EXERCISE DETAILS
The line containing "Task: Select the" marks the start; extract exactly from it through the last line of the entries, and omit any pictures.

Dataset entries
__________

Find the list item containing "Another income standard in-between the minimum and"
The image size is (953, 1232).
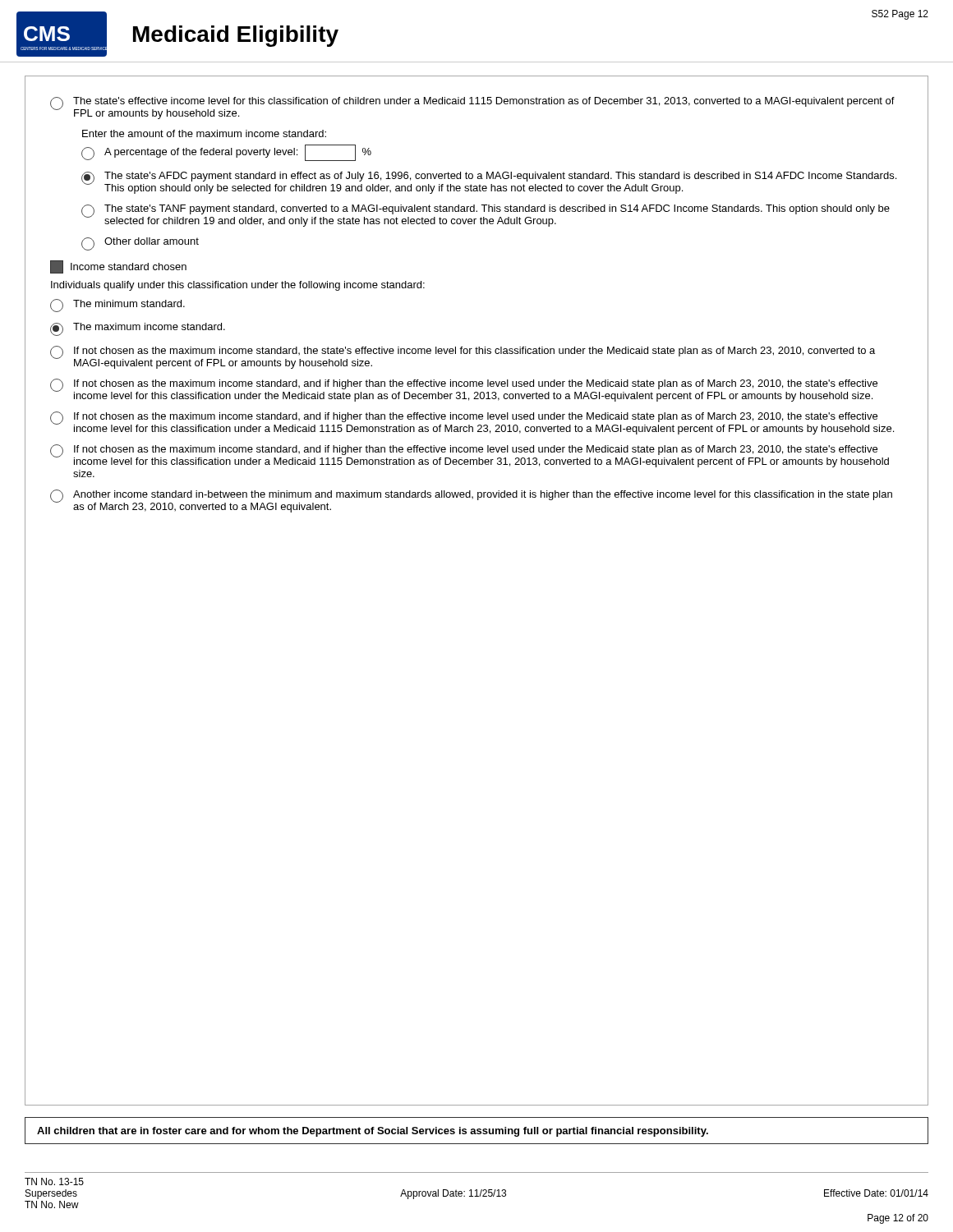coord(476,500)
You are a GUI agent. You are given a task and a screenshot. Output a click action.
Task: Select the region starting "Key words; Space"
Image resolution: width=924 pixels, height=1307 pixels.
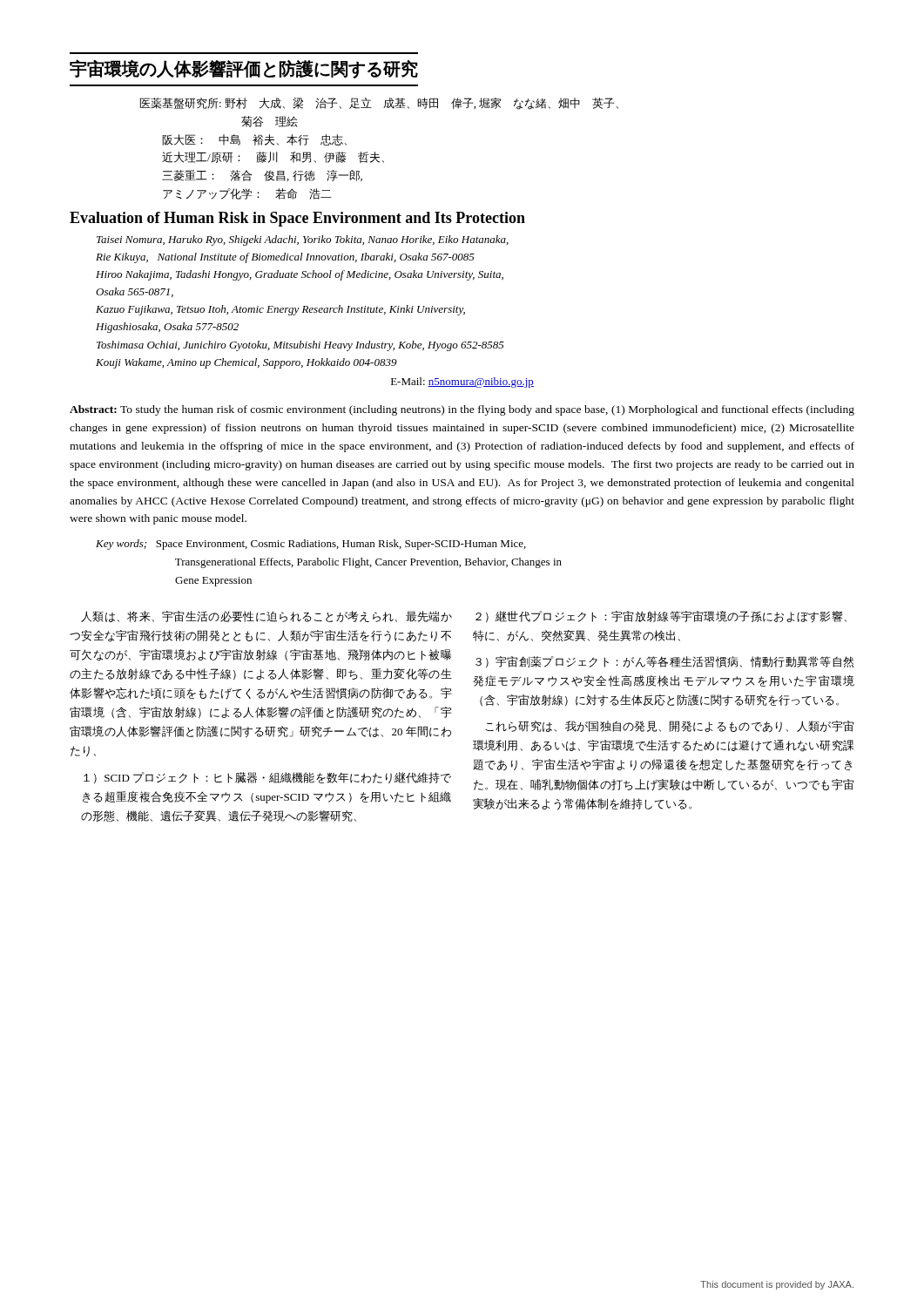tap(329, 562)
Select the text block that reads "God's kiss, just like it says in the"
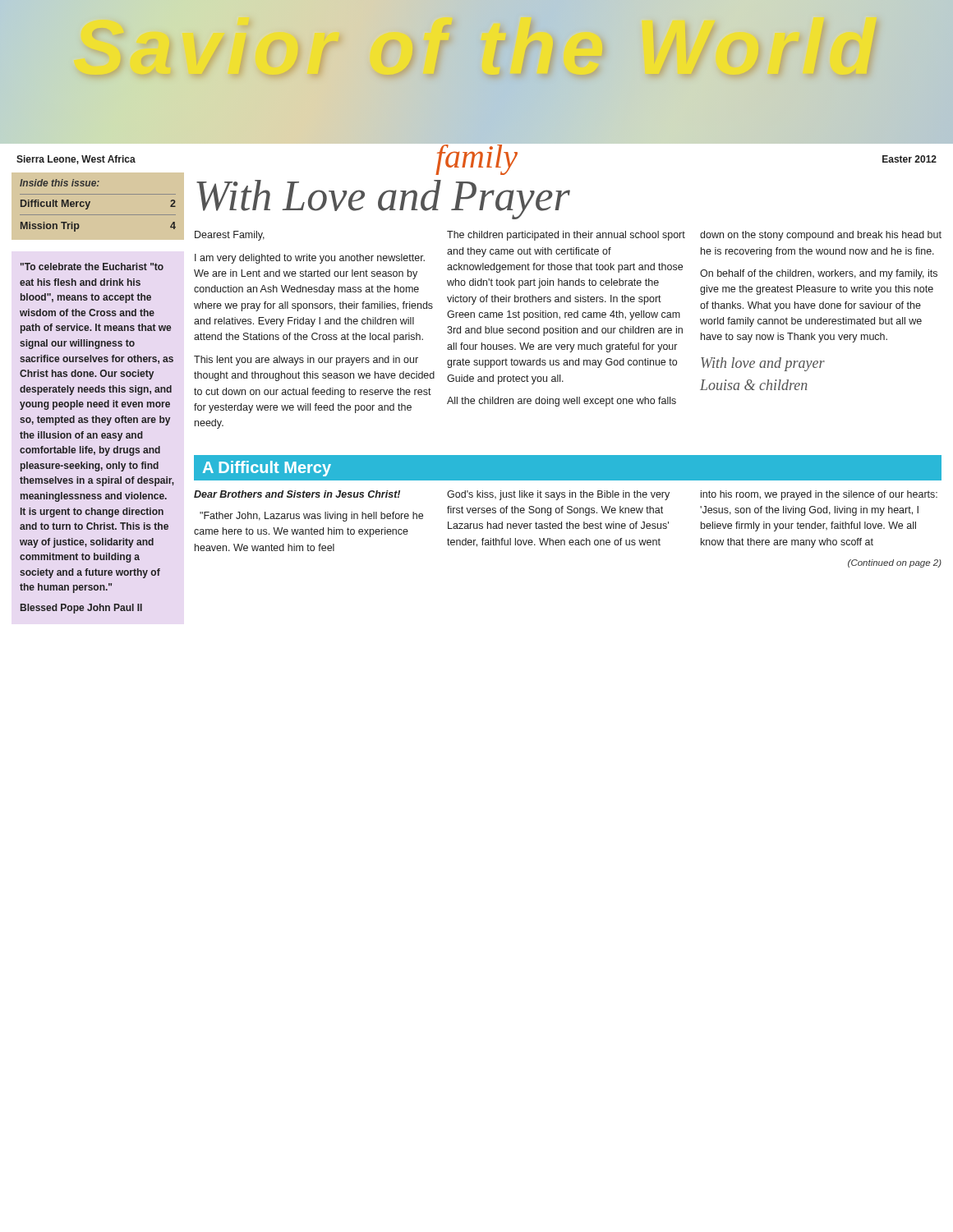Image resolution: width=953 pixels, height=1232 pixels. (568, 519)
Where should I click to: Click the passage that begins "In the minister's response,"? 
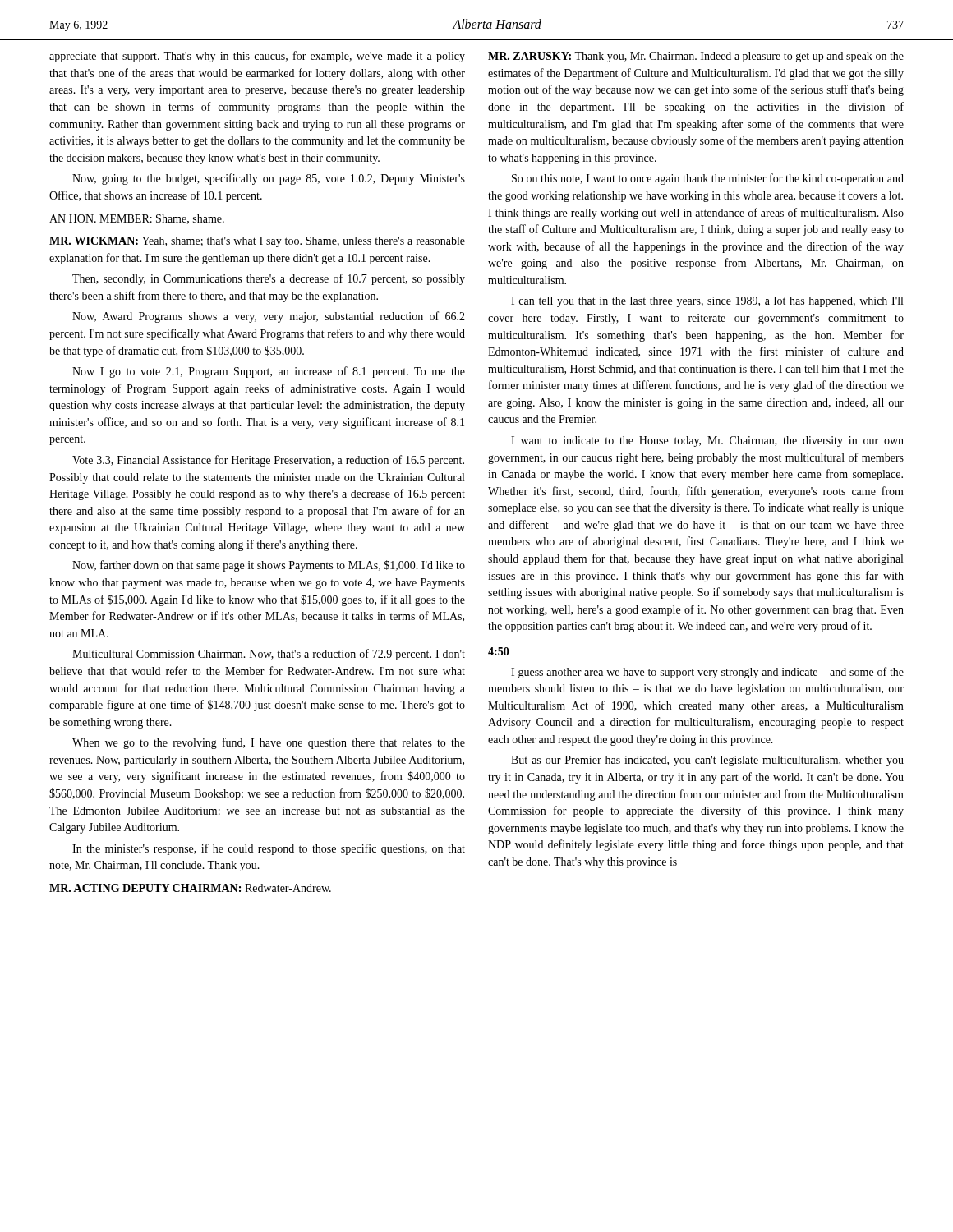point(257,858)

__________

RESPONSE
Task: Select the region starting "Key words; Space"
Image resolution: width=924 pixels, height=1307 pixels.
tap(329, 562)
Select the text block that reads "God's kiss, just like it says in the"
Image resolution: width=953 pixels, height=1232 pixels. (568, 519)
Where should I click to: Click the passage that begins "In the minister's response,"? 
point(257,858)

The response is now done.